Input =>
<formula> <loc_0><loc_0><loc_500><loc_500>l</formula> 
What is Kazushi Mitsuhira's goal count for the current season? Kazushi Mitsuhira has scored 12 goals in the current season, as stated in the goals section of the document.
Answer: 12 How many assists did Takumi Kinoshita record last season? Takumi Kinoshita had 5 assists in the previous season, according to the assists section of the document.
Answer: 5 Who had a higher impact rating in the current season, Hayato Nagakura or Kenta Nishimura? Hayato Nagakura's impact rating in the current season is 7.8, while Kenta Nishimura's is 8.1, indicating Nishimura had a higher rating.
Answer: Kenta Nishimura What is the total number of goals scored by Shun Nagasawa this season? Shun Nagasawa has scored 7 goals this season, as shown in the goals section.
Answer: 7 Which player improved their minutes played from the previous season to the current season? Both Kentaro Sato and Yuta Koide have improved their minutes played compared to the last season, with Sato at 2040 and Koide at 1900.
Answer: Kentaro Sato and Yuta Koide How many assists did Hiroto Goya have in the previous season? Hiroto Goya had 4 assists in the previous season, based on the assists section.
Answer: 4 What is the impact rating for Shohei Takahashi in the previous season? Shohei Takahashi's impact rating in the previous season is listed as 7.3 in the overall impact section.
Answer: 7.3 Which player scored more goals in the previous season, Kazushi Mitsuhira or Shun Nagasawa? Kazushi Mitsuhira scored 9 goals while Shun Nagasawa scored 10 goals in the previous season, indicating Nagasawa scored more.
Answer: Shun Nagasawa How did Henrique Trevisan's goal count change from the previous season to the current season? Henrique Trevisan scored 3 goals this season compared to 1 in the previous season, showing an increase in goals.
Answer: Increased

* * *

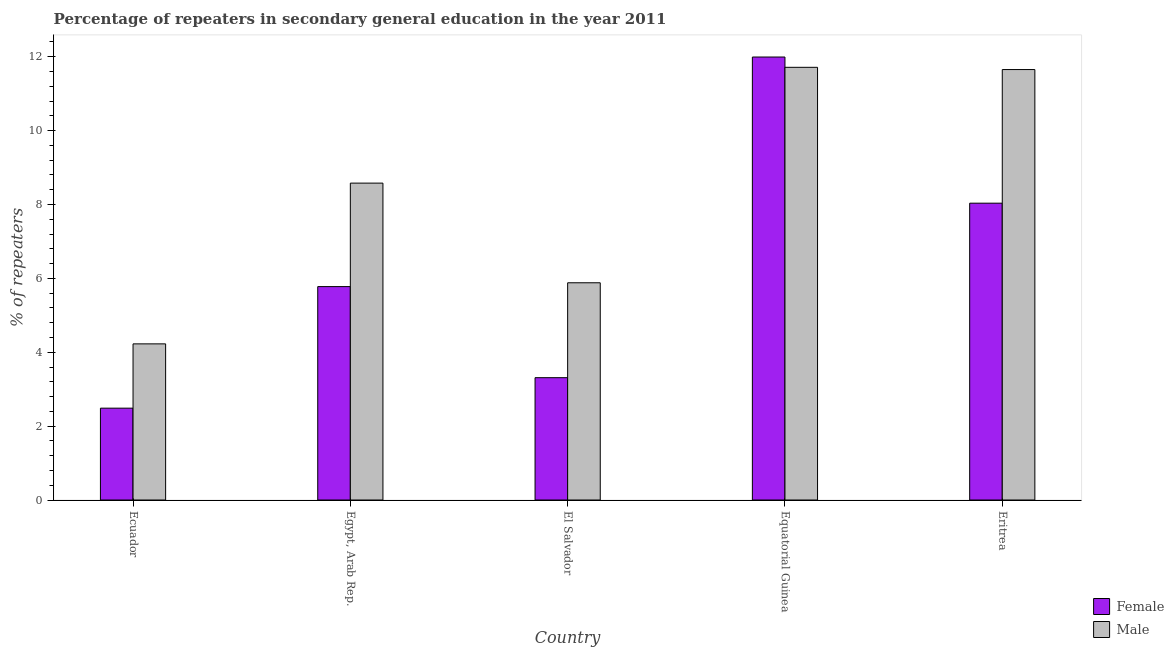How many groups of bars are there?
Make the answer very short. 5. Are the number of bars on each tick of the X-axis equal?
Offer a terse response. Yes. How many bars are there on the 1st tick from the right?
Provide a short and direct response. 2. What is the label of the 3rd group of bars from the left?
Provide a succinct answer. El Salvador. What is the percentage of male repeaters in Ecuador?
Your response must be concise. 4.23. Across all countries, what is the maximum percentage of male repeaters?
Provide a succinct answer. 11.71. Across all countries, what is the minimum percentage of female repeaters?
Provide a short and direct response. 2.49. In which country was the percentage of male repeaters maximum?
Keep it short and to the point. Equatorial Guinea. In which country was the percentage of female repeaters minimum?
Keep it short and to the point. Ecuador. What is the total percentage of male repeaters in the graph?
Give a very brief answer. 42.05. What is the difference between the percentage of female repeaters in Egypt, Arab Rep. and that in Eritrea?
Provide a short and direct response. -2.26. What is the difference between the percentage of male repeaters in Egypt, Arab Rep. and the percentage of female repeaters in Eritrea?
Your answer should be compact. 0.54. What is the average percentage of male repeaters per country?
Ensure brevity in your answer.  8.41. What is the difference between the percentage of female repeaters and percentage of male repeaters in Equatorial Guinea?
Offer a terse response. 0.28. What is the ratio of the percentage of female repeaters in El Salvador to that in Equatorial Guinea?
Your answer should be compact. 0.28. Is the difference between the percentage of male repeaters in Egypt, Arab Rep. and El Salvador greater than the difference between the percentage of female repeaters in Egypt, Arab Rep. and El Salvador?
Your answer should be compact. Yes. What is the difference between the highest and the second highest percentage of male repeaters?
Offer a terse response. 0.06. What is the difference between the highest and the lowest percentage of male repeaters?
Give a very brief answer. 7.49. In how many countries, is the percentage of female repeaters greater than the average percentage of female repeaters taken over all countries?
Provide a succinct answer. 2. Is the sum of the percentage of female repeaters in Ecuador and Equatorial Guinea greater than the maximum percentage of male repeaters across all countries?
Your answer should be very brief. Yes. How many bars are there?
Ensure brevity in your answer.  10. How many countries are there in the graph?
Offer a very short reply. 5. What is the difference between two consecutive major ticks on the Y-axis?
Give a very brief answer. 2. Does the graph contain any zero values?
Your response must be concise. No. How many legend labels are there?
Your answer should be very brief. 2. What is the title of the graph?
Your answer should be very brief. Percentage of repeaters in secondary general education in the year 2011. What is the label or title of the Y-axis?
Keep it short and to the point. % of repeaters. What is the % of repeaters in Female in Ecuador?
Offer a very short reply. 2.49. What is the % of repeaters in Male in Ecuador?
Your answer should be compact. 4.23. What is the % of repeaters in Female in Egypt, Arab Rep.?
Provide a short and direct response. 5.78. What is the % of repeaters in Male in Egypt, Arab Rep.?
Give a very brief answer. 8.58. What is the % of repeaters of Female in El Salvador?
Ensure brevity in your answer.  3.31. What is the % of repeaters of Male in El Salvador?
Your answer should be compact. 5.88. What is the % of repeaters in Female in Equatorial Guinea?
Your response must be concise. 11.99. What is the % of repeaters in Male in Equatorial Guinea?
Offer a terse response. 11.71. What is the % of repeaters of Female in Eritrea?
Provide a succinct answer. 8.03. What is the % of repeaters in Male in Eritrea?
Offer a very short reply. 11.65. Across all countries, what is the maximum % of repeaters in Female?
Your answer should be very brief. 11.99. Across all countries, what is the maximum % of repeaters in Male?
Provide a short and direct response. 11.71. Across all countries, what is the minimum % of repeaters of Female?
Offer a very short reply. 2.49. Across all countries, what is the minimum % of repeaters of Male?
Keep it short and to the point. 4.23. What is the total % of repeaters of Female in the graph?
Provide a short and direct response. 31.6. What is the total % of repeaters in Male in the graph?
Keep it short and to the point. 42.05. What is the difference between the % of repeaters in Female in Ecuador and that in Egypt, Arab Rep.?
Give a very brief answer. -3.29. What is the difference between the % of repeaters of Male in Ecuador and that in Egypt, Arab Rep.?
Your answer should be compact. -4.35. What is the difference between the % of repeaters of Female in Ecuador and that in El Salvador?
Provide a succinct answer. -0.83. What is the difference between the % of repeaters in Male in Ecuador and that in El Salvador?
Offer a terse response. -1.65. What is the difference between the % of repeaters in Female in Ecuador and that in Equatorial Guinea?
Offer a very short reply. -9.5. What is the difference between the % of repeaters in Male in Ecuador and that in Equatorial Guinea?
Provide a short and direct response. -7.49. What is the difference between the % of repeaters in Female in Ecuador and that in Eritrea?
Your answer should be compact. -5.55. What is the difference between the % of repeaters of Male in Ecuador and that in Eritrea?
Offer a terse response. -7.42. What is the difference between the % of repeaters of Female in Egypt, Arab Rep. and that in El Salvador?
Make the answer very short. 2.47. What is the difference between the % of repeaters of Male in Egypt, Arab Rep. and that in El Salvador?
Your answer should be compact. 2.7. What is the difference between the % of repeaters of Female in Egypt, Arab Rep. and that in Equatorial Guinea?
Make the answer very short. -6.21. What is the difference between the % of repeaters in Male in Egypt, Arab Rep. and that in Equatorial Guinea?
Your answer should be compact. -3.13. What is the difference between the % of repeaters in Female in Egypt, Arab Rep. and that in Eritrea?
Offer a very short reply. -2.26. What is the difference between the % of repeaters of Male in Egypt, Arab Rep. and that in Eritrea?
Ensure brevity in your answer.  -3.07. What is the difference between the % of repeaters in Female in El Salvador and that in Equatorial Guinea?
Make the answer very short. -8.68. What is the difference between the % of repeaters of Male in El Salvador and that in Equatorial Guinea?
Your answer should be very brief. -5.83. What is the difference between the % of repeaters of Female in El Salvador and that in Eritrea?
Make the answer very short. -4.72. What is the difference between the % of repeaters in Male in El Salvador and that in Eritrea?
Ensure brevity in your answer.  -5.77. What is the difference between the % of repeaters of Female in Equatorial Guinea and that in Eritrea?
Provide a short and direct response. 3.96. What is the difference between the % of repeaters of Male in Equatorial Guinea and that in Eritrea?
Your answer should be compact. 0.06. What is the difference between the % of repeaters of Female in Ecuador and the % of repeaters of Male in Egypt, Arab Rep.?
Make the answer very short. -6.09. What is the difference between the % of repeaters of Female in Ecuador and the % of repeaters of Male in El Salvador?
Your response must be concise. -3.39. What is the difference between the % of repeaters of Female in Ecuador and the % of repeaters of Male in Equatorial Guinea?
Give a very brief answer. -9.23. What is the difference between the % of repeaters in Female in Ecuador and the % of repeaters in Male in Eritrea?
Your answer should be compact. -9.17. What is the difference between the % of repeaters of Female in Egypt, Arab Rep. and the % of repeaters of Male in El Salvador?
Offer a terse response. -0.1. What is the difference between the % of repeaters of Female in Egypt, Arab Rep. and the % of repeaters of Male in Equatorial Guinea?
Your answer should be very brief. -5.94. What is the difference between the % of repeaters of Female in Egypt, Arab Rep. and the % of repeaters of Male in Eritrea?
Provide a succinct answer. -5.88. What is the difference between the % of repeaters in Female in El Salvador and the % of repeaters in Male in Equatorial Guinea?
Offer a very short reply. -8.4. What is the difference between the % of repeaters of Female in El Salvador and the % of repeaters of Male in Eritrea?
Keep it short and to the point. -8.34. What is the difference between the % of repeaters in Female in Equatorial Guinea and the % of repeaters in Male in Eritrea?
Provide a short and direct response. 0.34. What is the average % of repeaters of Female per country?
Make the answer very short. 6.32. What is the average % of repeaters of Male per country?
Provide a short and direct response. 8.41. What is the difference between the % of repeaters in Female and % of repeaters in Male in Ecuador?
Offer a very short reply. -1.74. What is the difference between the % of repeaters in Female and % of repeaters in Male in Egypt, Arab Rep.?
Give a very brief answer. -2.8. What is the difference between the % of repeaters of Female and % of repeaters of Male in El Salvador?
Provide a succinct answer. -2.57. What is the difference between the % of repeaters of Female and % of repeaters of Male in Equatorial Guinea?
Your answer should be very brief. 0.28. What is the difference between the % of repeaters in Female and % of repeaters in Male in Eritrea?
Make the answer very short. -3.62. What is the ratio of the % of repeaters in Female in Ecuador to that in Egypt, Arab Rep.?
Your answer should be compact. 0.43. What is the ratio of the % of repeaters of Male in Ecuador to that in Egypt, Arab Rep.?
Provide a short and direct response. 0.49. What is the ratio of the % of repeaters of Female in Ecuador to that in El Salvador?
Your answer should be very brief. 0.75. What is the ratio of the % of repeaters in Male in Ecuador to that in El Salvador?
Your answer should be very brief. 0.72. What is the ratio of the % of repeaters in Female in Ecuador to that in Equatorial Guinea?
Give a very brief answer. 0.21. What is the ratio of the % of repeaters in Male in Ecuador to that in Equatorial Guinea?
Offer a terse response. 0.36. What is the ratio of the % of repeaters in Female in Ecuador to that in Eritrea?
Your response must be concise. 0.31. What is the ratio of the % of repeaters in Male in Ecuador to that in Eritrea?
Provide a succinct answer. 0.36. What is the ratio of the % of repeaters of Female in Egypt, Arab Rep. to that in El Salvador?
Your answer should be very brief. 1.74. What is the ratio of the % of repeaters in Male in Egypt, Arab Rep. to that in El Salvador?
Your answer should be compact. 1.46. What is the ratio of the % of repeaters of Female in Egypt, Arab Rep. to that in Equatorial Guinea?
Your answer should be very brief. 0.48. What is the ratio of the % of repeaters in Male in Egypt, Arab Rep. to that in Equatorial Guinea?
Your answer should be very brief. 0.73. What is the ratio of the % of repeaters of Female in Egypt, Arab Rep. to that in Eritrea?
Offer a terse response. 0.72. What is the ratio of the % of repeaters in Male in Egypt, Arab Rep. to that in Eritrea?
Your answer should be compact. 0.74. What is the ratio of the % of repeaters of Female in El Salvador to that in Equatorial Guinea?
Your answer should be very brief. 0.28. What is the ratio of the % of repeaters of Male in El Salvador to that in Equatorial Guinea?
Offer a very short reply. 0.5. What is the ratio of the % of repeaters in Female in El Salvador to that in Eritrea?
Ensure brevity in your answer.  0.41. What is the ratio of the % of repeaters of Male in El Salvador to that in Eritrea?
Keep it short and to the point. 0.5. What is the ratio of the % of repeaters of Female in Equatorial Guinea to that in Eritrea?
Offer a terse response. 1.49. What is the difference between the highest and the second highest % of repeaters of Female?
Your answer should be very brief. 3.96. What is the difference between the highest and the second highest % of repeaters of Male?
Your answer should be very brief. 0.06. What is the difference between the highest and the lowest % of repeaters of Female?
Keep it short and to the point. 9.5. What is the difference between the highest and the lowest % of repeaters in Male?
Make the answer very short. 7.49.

Your assignment => Read the listing above, then copy every line that includes the string "Nishimura".

Result =>
Answer: 5 Who had a higher impact rating in the current season, Hayato Nagakura or Kenta Nishimura? Hayato Nagakura's impact rating in the current season is 7.8, while Kenta Nishimura's is 8.1, indicating Nishimura had a higher rating.
Answer: Kenta Nishimura What is the total number of goals scored by Shun Nagasawa this season? Shun Nagasawa has scored 7 goals this season, as shown in the goals section.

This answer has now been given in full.